Serge Durand

Serge Durand

PhD student in Trustworthy AI

CEA List LSL

INRIA Antique (ENS Paris)

About me

I am finishing a PhD on trustworthy AI with a defense in December 2025. I researched the use of over-approximations to help train, verify, and explain neural networks. I am broadly interested in making deep learning models more trustworthy.

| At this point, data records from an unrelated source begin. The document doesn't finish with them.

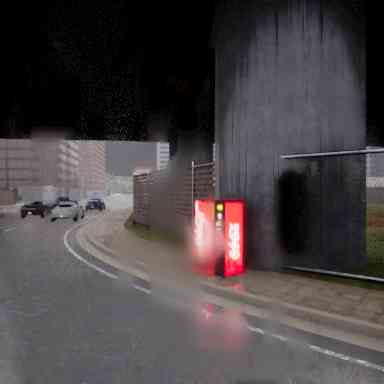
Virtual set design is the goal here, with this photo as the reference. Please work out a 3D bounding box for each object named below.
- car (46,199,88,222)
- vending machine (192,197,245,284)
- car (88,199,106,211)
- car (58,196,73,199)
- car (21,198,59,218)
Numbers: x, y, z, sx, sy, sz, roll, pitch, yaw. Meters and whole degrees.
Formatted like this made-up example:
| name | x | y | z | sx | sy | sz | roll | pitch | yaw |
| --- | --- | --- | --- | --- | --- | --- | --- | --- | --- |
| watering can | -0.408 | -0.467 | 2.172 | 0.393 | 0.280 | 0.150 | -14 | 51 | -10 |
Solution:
| name | x | y | z | sx | sy | sz | roll | pitch | yaw |
| --- | --- | --- | --- | --- | --- | --- | --- | --- | --- |
| car | -9.854 | 1.526 | 26.589 | 1.812 | 1.442 | 4.674 | 0 | 0 | -8 |
| vending machine | 0.708 | 1.195 | 8.803 | 1.100 | 2.100 | 0.880 | 0 | 0 | -42 |
| car | -11.766 | 1.526 | 40.621 | 1.812 | 1.442 | 4.674 | 0 | 0 | -8 |
| car | -15.270 | 1.352 | 40.447 | 2.097 | 1.767 | 4.553 | 0 | 0 | -7 |
| car | -13.879 | 1.505 | 30.171 | 1.837 | 1.490 | 4.892 | 0 | 0 | -8 |
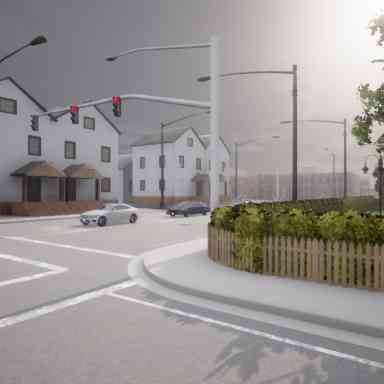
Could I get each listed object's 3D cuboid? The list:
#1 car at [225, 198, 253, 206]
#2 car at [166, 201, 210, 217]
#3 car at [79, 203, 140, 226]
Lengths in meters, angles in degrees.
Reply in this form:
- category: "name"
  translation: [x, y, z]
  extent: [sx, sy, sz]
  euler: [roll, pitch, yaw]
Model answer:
- category: "car"
  translation: [5.708, 1.492, 39.863]
  extent: [2.128, 1.511, 4.902]
  euler: [0, 0, 35]
- category: "car"
  translation: [-0.172, 1.547, 31.375]
  extent: [2.033, 1.411, 5.357]
  euler: [0, 0, 35]
- category: "car"
  translation: [-5.662, 1.526, 23.428]
  extent: [1.812, 1.442, 4.674]
  euler: [0, 0, 35]
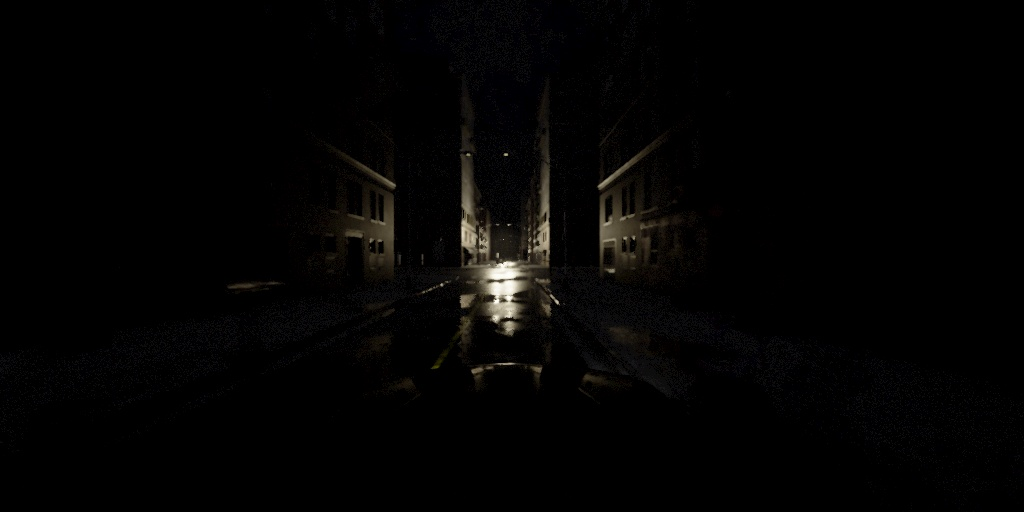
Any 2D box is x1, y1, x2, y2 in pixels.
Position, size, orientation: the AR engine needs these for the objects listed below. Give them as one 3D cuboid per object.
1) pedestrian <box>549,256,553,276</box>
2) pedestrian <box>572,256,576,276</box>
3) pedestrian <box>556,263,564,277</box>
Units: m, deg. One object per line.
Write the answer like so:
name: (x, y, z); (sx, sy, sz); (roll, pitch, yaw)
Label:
pedestrian: (3.503, 0.878, 32.600); (0.375, 1.860, 0.375); (0, 0, 0)
pedestrian: (5.503, 0.879, 32.001); (0.375, 1.860, 0.375); (0, 0, 0)
pedestrian: (4.304, 1.158, 31.401); (0.375, 1.300, 0.375); (0, 0, 0)
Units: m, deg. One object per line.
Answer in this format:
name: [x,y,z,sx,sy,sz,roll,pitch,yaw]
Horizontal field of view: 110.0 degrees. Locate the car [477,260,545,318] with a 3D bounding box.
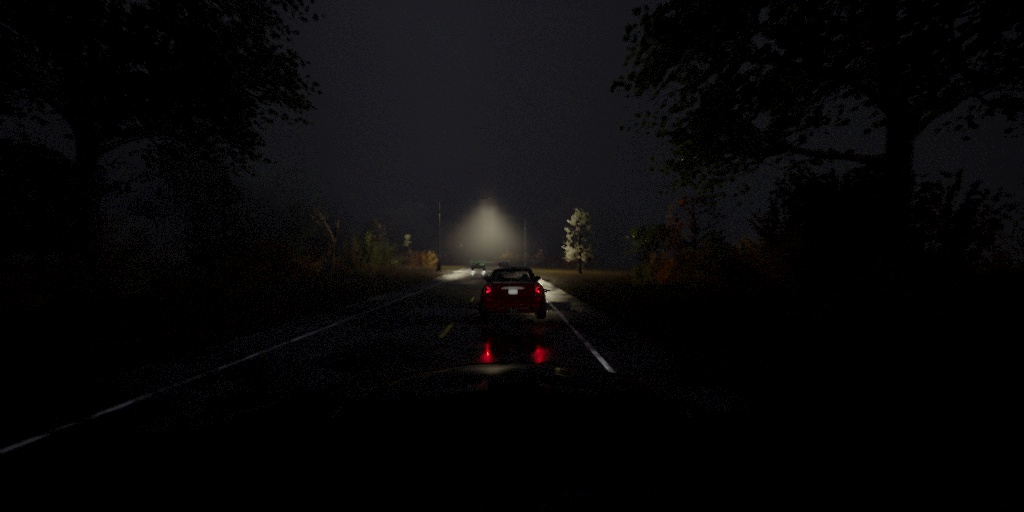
car: [0.009,1.152,13.350,2.097,1.767,4.553,0,0,-1]

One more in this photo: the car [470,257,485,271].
car: [-5.089,1.187,54.659,2.150,2.045,5.566,0,0,-3]

On my free time I enjoy cooking (and eating), coffee (I tend to use freshly ground light/medium roast beans brewed with Aeropress), climbing (almost exclusively indoor bouldering), rugby (watching).

Interests

  • Artificial Intelligence
  • Neural Networks Robustness & Verification
  • Explainable AI

Education

  • Doctorat en Informatique (PhD), 2025

    ENS Paris - Saclay / CEA List

  • Master Parisien de recherche en Informatique - M2, 2021

    ENS Paris - Saclay / Paris 7 Diderot - now Université de Paris

  • Master Parisien de recherche en Informatique - M1, 2020

    ENS Paris - Saclay / Paris 7 Diderot - now Université de Paris

  • Licence de Mathématiques, mineure informatique, 2019

    Université Pierre et Marie Curie (UPMC) - now Sorbonne Université

Experience

 
 
 
 
 

PhD Student

CEA List, Laboratoire de Sécurité et Sûreté du Logiciel (LSL)

Nov 2021 – Dec 2025 Paris
Over-Approximating Neural Network for Verification, Robustness, and Explainability. PhD directed by François Terrier, co-supervised by Zakaria Chihani and Caterina Urban.
 
 
 
 
 

Intern

CEA List, Laboratoire de Sécurité et Sûreté du Logiciel (LSL)

Mar 2021 – Sep 2021 Paris
Neural Network Verification with PyRAT
 
 
 
 
 

Intern

Antique (INRIA / ENS Ulm lab)

Jun 2020 – Aug 2020 Paris
Verification of ACAS Xu networks using abstract interpretation

Recent Publications

Over-Approximating Neural Networks for Verification, Robustness and Explainability

We show in this thesis several applications of over-approximations of neural networks to improve trust in AI systems in three areas: verifications, robust training and (formal) explainability.

On Using Certified Training towards Empirical Robustness

Combining certified and adversarial losses can help empirical robustness to local perturbations.

ReCIPH: Relational Coefficients for Input Partitioning Heuristic

An input partitioning heuristic for efficient neural network verification of low-dimensional input models.